Supplementary Discussion

  • The core innovation of this method lies in transforming the problem from a single dimension to multiple dimensions for analysis, providing a more comprehensive perspective of understanding.
  • The experimental design covers various scenarios and baseline comparisons, showing statistically significant results.
  • The modular design of the method makes it easy to extend to related tasks and new datasets.
  • The open-sourcing of code/data is of high value for community replication and subsequent research.

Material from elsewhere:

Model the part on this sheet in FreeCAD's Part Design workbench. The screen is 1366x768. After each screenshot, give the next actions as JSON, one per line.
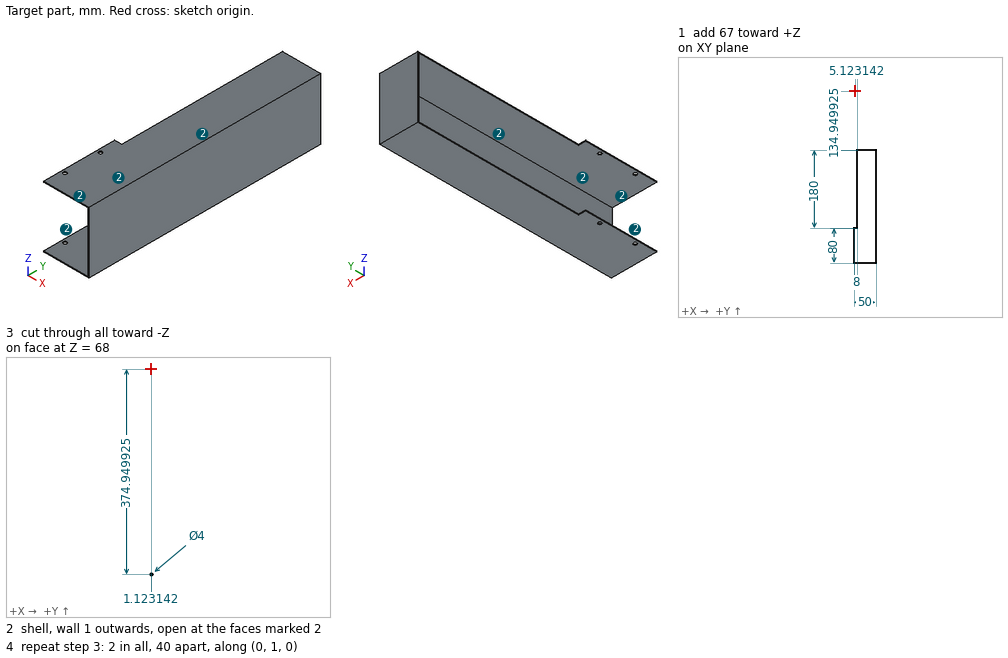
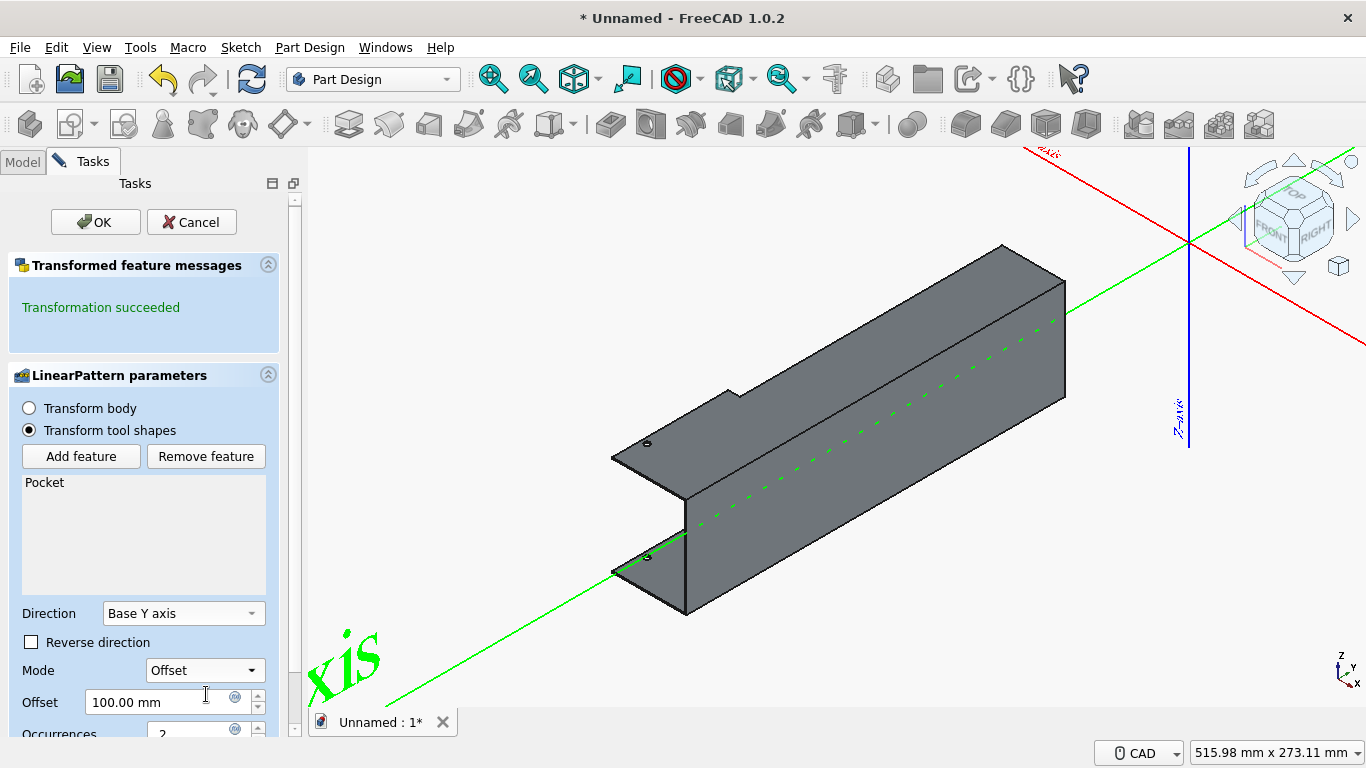
{"action": "triple_click", "coordinate": [168, 702]}

  • Compared with concurrent work, this paper has advantages in the depth of problem formulation and the comprehensiveness of experimental analysis.

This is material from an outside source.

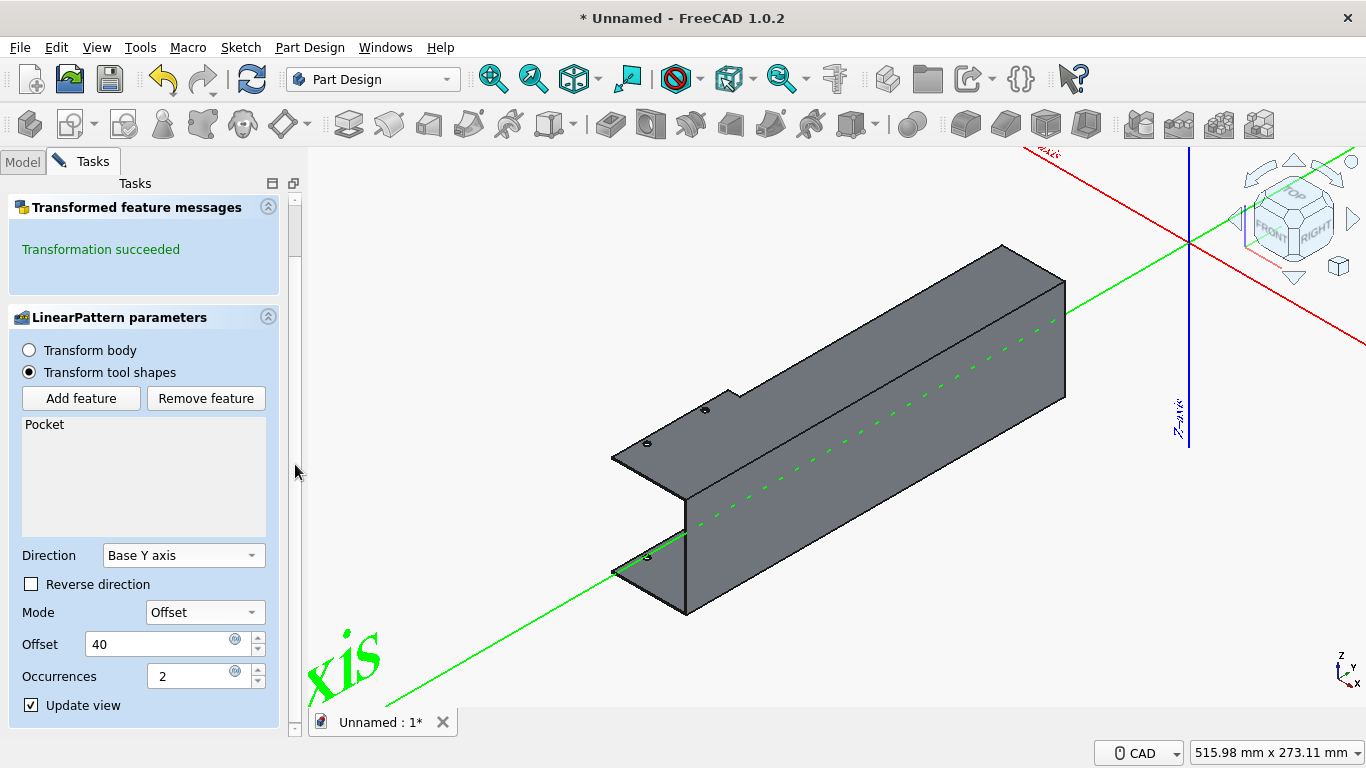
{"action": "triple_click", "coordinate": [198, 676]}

  • The writing logic of the paper is clear, forming a complete closed loop from problem definition to method design to experimental verification.
  • The computational overhead of the method is reasonable, offering deployability in practical applications.
  • Future work can consider integration with more modalities (such as audio, 3D point clouds).
  • Validating the scalability of the method on larger-scale data and models is an important future direction.
  • Combining the method with reinforcement learning to achieve end-to-end optimization can be considered.
  • Cross-domain transfer is an exploration-worthy direction—the generalization of the method requires more validation.
  • For edge computing and mobile deployment scenarios, lightweight versions of the method are worth researching.
  • Long-term evaluation and user studies can provide a more comprehensive assessment of the method.
  • Comparative analysis with human experts can better locate the strengths and weaknesses of the method.

Rating

  • Novelty: ⭐⭐⭐⭐ VIB for RE debiasing is theoretically sound and intuitive.
  • Experimental Thoroughness: ⭐⭐⭐⭐⭐ Comprehensive across three domains, ID/OOD, and two backbones.
  • Writing Quality: ⭐⭐⭐⭐ Mathematical derivations are clear.
  • Value: ⭐⭐⭐⭐ A debiasing scheme with both interpretability and high performance.